Type A people, ambitious, driving achievers, are said to be more likely to report post traumatic nightmares (Fenwick 33). If one is prone to nightmares, there are a few obvious ways to protect dreamers from having nightmares-avoid horror videos and films before bed (Beare). Certain drugs for example, the beta-blockers prescribed for heart patients, may increase the frequency of nightmares (Parker 108). People with Parkinson's disease tend to have frequent nightmares and vivid dreams, probably due to the drug L-Dopa, which is used to treat the disease (Shulman 74). By far the most common and most potent triggers of nightmares are psychological factors-anxiety, mental stress, and major life events. When one is distressed, dreams become traumatic.

People dream more often of death, separation, and mutilation (Schneider). "So close is the link between life traumas and nightmares that it has even been suggested that the detailed and capias es dream diaries were quite commonly kept in the seventeenth and eighteenth night, serve as a useful tool for his tori cal research (Fenwick 34). Dreams can be helpful in integrating stressful events, but they are not helpful to someone who is dealing with stress by walling it off or keeping it out of his or her conscious awareness (Fenwick 34). It is only when the dreamers learned to stop trying to repress these memories in waking life; that they surfaced less often in the dreams. Subsequent studies of veterans of other wars have shown the same phenomena (Freud). Soldiers who have actually been in war have more nightmares than non-combat military personnel do, and their nightmares are more likely to be recurrent and to reflect actual events (Fenwick 36).

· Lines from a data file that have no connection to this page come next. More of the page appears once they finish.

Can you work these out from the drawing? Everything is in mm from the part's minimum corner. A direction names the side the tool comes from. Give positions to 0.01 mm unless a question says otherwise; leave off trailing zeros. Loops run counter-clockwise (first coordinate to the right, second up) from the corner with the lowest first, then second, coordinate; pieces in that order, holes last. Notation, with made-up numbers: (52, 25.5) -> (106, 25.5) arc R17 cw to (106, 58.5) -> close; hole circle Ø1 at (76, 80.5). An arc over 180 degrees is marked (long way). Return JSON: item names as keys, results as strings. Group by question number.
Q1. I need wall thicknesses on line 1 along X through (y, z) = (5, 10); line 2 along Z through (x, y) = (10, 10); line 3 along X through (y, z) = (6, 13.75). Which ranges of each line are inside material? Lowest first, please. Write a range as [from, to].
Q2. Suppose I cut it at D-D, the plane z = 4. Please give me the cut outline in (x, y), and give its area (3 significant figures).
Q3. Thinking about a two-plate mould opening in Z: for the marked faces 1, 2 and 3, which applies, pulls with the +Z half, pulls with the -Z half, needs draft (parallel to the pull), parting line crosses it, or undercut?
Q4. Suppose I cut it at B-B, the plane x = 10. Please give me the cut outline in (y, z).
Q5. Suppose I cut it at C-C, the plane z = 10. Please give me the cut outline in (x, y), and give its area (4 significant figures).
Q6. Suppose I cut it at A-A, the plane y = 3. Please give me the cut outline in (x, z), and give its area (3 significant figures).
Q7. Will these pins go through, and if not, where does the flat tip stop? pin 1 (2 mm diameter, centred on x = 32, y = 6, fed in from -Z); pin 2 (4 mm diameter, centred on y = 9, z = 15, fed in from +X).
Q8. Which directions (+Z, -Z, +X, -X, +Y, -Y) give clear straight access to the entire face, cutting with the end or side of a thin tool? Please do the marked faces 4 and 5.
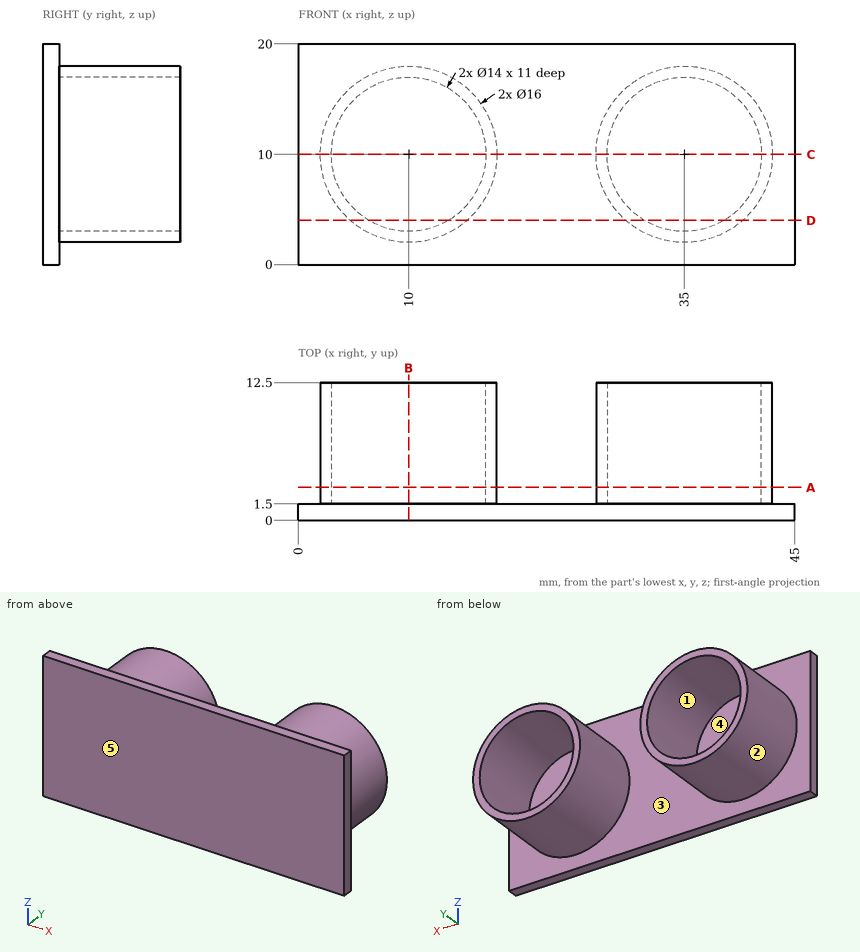
Ans:
{
 "1": {"line 1": "x = [2, 3], [17, 18], [27, 28], [42, 43]", "line 2": "z = [2, 3], [17, 18]", "line 3": "x = [2.93, 4.09], [15.91, 17.07], [27.93, 29.09], [40.91, 42.07]"},
 "2": {"outline": "(0, 0) -> (45, 0) -> (45, 1.5) -> (40.29, 1.5) -> (40.29, 12.5) -> (38.61, 12.5) -> (38.61, 1.5) -> (31.39, 1.5) -> (31.39, 12.5) -> (29.71, 12.5) -> (29.71, 1.5) -> (15.29, 1.5) -> (15.29, 12.5) -> (13.61, 12.5) -> (13.61, 1.5) -> (6.39, 1.5) -> (6.39, 12.5) -> (4.71, 12.5) -> (4.71, 1.5) -> (0, 1.5) -> close", "area": "142 mm^2"},
 "3": {"face 1": "undercut", "face 2": "parting line crosses it", "face 3": "needs draft"},
 "4": {"outline": "(0, 0) -> (1.5, 0) -> (1.5, 2) -> (12.5, 2) -> (12.5, 3) -> (1.5, 3) -> (1.5, 17) -> (12.5, 17) -> (12.5, 18) -> (1.5, 18) -> (1.5, 20) -> (0, 20) -> close"},
 "5": {"outline": "(0, 0) -> (45, 0) -> (45, 1.5) -> (43, 1.5) -> (43, 12.5) -> (42, 12.5) -> (42, 1.5) -> (28, 1.5) -> (28, 12.5) -> (27, 12.5) -> (27, 1.5) -> (18, 1.5) -> (18, 12.5) -> (17, 12.5) -> (17, 1.5) -> (3, 1.5) -> (3, 12.5) -> (2, 12.5) -> (2, 1.5) -> (0, 1.5) -> close", "area": "111.5 mm^2"},
 "6": {"outline": "circle Ø16 at (10, 10); circle Ø16 at (35, 10); hole circle Ø14 at (10, 10); hole circle Ø14 at (35, 10)", "area": "94.2 mm^2"},
 "7": {"pin 1": "stops at z = 2.25", "pin 2": "stops at x = 42.42"},
 "8": {"face 4": "+Y", "face 5": "+Z, -Z, +X, -X, -Y"}
}

The nightmares of even the most nightmare prone civilians do not usually show the quality of the nightmares of soldiers. Most people's lives are uneventful, the nightmares are more likely to mirror emotion trauma and to be represented by fearful situations that have no basis is reality (Parker 98). Obviously if stress is causing frequent nightmares, the best solution is to reduce the stress. Learning a relaxation technique and practicing this before going to sleep may help (Freud). An alteration is to try to develop strategies for coping with the nightmare as it happens (Freud). In conclusion, dreams are very complex things.

The study of dreams is very difficult and it has taken scientist many years and much trial and error to figure out what they know. Although, scientists have tried to figure out why people dream and what dreams mean, I feel that only the dreamer will understand the complete meaning.